Let's see. There's pre-school starting at 3 for some kids, then kindergarten at 5 (or six depending on the birthday). Some people don't bother with kindergarten, some states require, some have half day, some full, some do half the year half...

... grade school is kindergarten through fifth grade which would be... um... ages 5-10 or 6-11. Of course, some schools have sixth grade tacked on to grade school and do sixth and seventh as junior high.

Then there's middle school (or as we in the states know it - the Fruitful Years of Topics To Discuss With Your Therapist) which is sixth through eighth grades or ages 11-13 or so (see exception above) and THEN we have high school which is 9th-12th (otherwise known as freshman, sophomore, junior and senior years) which is usually 14-18 but can be 13-17.

Phew

After which is university which if you go to our local state place generally gets a bachelor's degree done in a dizzying six years (average). Although some people seem to think four is about right - weirdos. Granted, our average student age is something like 27 what with all the returning students we have (the, wait! You mean my mother was right when she said I'd be stuck in a dead-end job for the rest of my life if I dropped out of school to pursue my dream of being a fashion-photographer/anime artist?? group).

See?
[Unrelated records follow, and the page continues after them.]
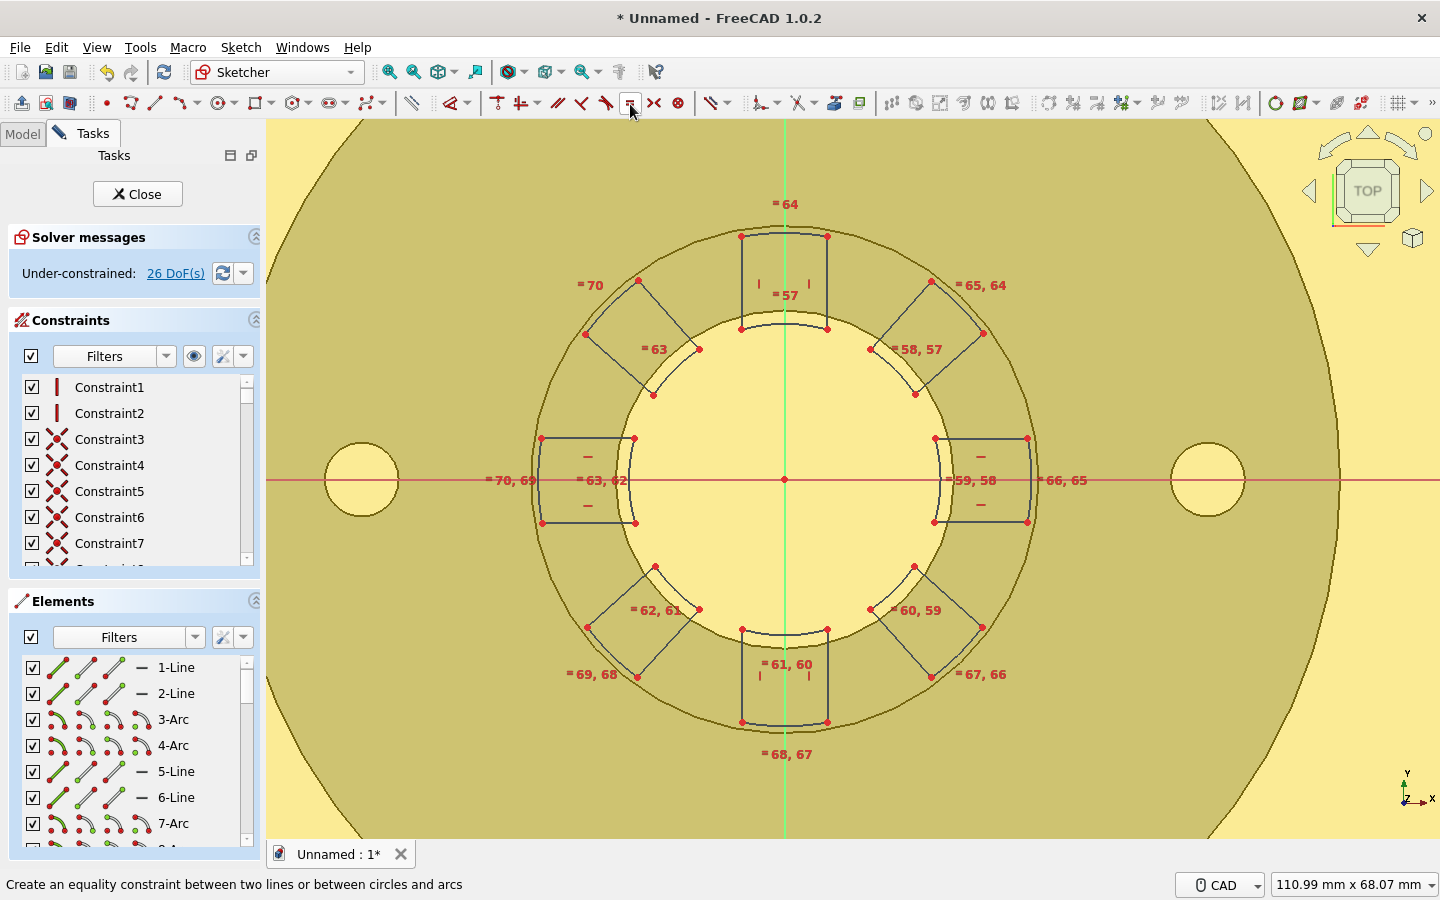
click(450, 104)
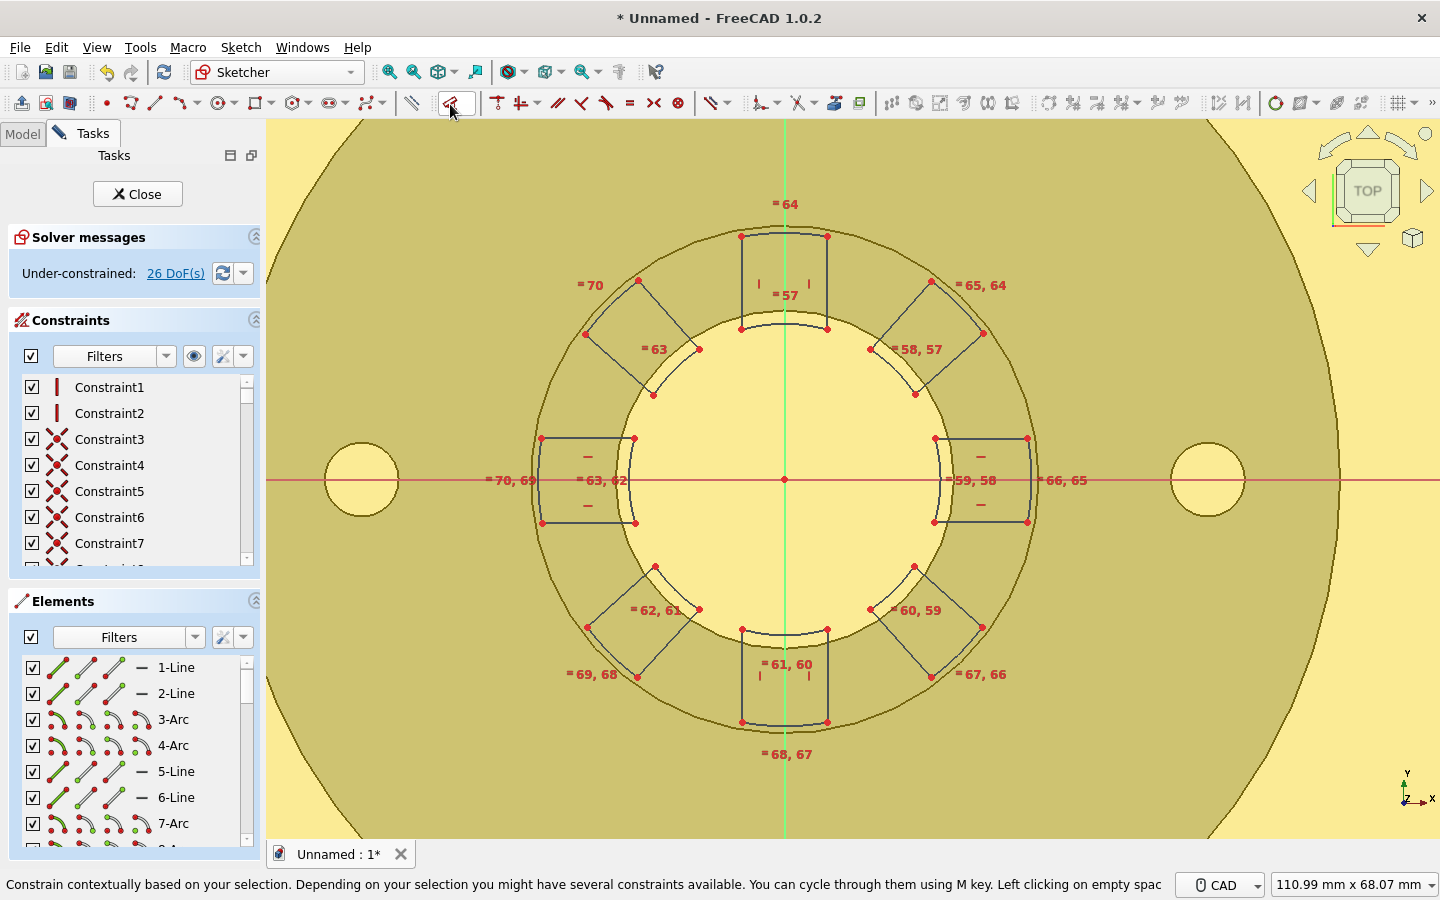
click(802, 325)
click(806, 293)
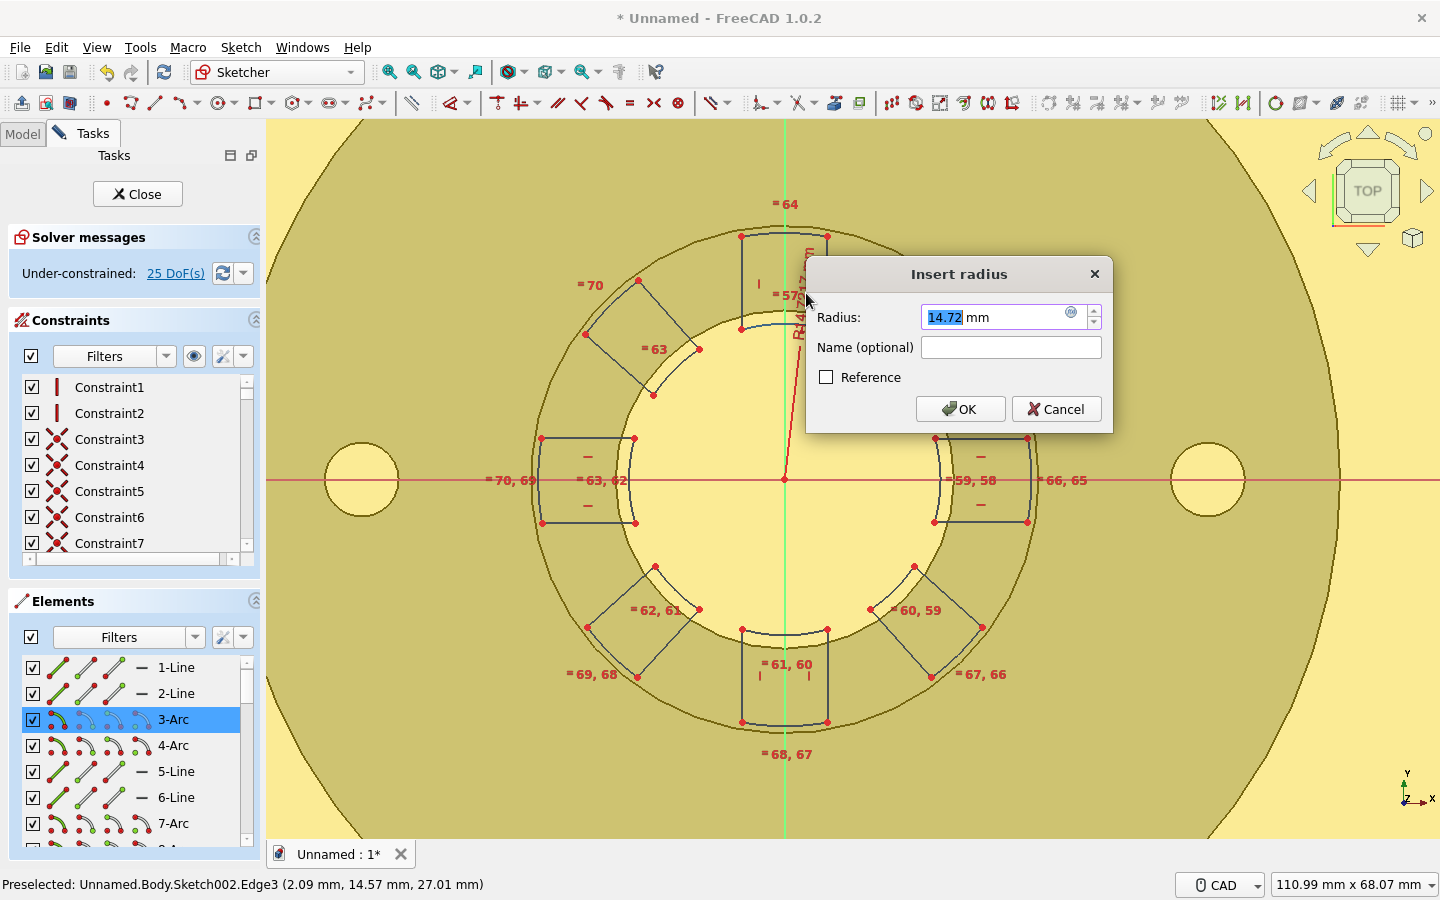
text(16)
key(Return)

It's so simple.

Oh, and the jelly bean post is here:
http://missinginiraq.blogspot.com/2008/03/love-hurts.html

Megan said...

Oops - errata:

"some schools have sixth grade tacked on to grade school and do sixth and seventh as junior high."

Should read, "... and do seventh and eighth as junior high."

Carry on.

Anonymous said...

wow....

that is a lot of schools?! thats crazy to move so many times...how very odd compared to our system..

oh and thanks for the link..i giggled and read it aloud to the boy, who unfortunately paid waaaay too much attention and spent the rest of the evening throwing things at me, with the response "but you thought it was funny!" when i became a tad irritated!